Le 24 novembre 2022, les chercheuses Suzy Basile et Patricia Bouchard déposent au gouvernement du Québec le rapport « Consentement libre et éclairé. Stérilisations imposées de femmes des Premières Nations et Inuit au Québec ». En guise de conclusion des Faits saillants, on y lit : « Force est de constater que l’analyse des témoignages recueillis dans le cadre de la présente recherche, juxtaposée aux conclusions de récents travaux de recherche menés sur les enjeux auxquels font face les Premières Nations et les Inuit dans les services publics au Québec, converge vers un constat clair, soit la présence de racisme systémique. »

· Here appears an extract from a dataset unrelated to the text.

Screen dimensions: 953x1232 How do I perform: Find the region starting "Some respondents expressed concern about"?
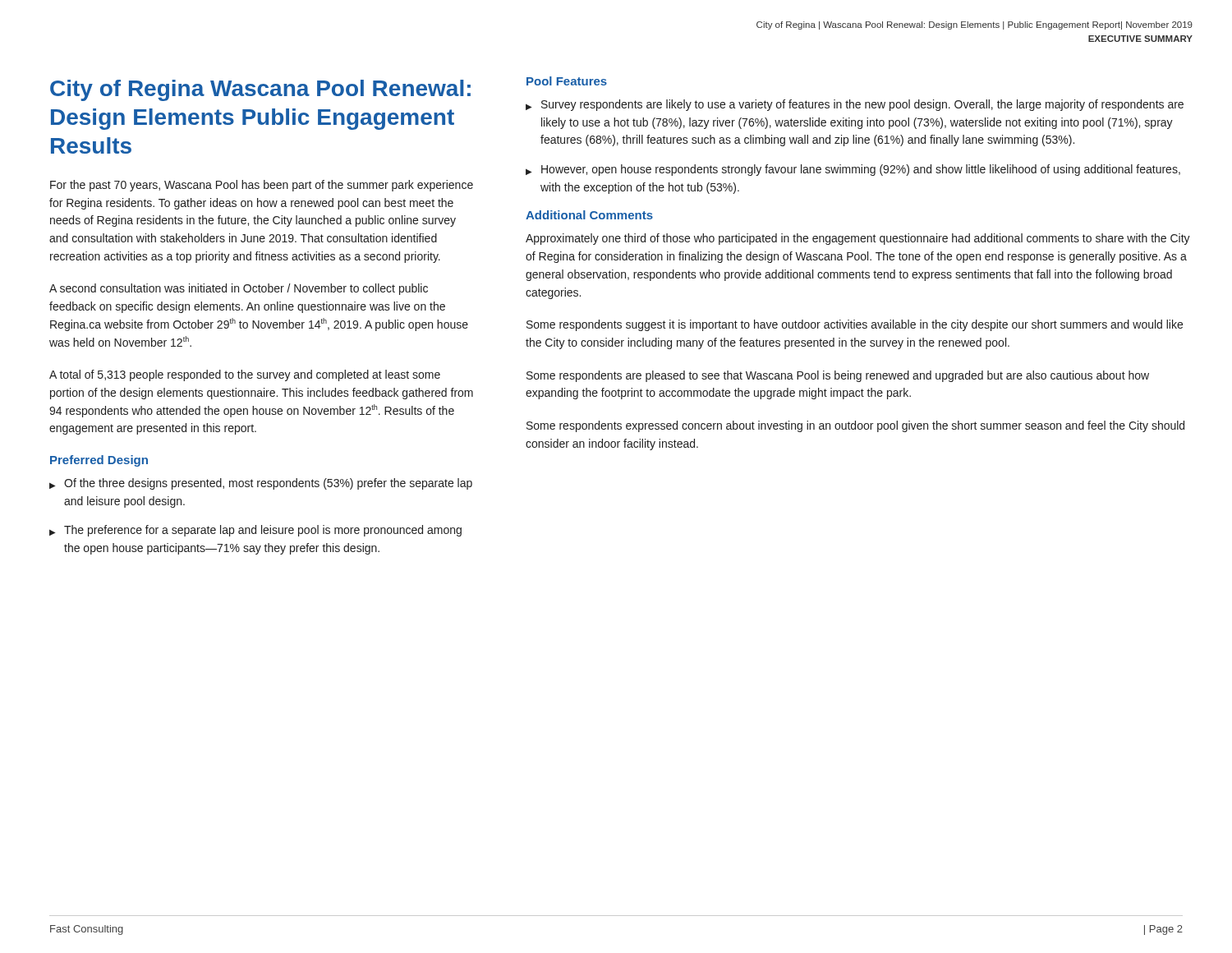(x=856, y=434)
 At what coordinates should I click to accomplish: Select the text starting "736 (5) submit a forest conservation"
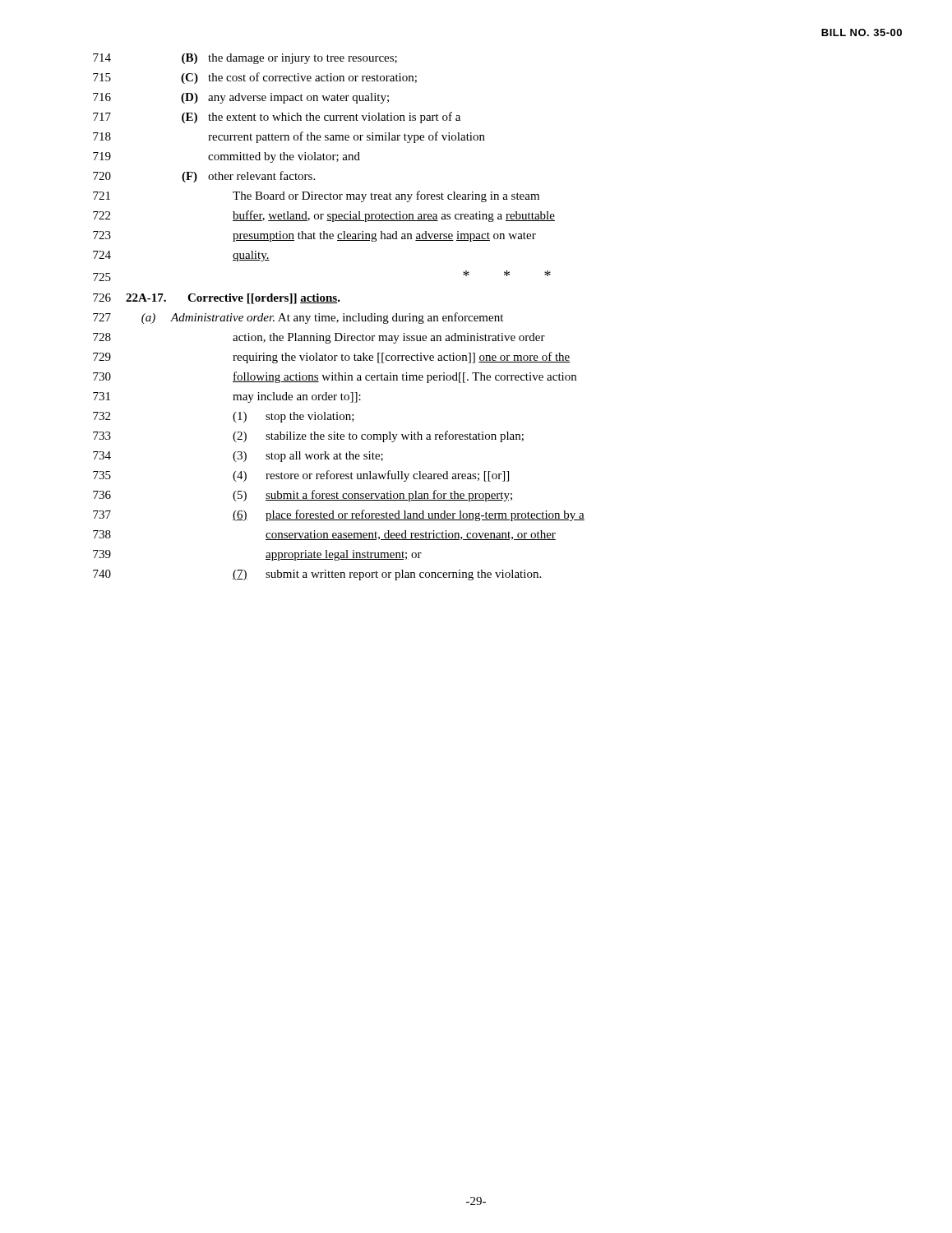[x=484, y=496]

Le 7 octobre 2021, la Commission des droits de la personne et des droits de la jeunesse (CDPDJ) du Québec publie une déclaration où elle « tient à affirmer clairement que le racisme systémique existe au Québec, comme dans les autres sociétés, et à réitérer que pour combattre un phénomène de nature systémique, il faut proposer des solutions systémiques et structurelles. »

En novembre 2020, le Conseil des Atikamekw de Manawan et le Conseil de la Nation Atikamekw déposent aux gouvernements du Canada et du Québec le mémoire intitulé « Principe de Joyce », qui lance de nombreux appels à l’action pour garantir la sécurité et la dignité des communautés autochtones dans les milieux de la santé et des services sociaux. Parmi les actions concrètes, on peut y lire : « le gouvernement du Québec doit reconnaître le racisme systémique auquel sont confrontés les Autochtones, notamment en lien avec un droit d’accès équitable, sans aucune discrimination, à tous les services sociaux et de santé ».

Le 30 septembre 2019, le rapport final de la Commission d’enquête sur les relations entre les Autochtones et certains services publics au Québec : écoute, réconciliation et progrès, présidée par l’honorable Jacques Viens, est déposé. L’enjeu du racisme systémique est la pierre angulaire de l’analyse et des conclusions du commissaire pour qui « il semble impossible de nier la discrimination systémique dont sont victimes les membres des Premières Nations et les Inuits dans leurs relations avec les services publics ayant fait l’objet de l’enquête ». Afin d’expliquer le contexte sociohistorique qui perpétue le racisme systémique, le rapport de la Commission met en évidence l’héritage colonialiste, les préjugés, les stéréotypes et les actions gouvernementales morcelées et non pérennes.

À la lumière du rapport final de la recherche Basile-Bouchard, de la Commission Viens, des appels à l’action du Principe de Joyce et de la déclaration de la CDPDJ, pour ne citer que ceux-ci, les constats sont sans équivoque. Il est inacceptable que l’État intervienne pour bâillonner une formation qu’il a lui-même commandée pour sensibiliser et lutter contre le racisme au sein de son administration, sous prétexte que le racisme systémique y est abordé. Non seulement il y est abordé, mais il fait partie du contrat signé entre les parties en 2021, de même que des versions finales approuvées par un comité de personnes expertes en 2022.

Il est irresponsable de la part d’un gouvernement de mettre en péril la dignité et le respect des droits de sa population riche d’une diversité grandissante. Le gouvernement agit selon une idéologie politique partisane et cultive un terreau fertile pour taire les expériences des communautés vivant des discriminations majeures dans les multiples sphères de notre société.

La situation actuelle nous rappelle l’importance de la solidarité et des mouvements sociaux pour faire avancer un projet de société où les droits humains de toutes les communautés sont réalisés avec dignité, reconnaissance et respect de nos différences. Nous saluons toutes les personnes et groupes de la société civile qui œuvrent jour après jour pour contrer les impacts néfastes et destructeurs du racisme systémique. Dans toutes les tempêtes, vos actions donnent espoir et éclairent le chemin de la justice sociale.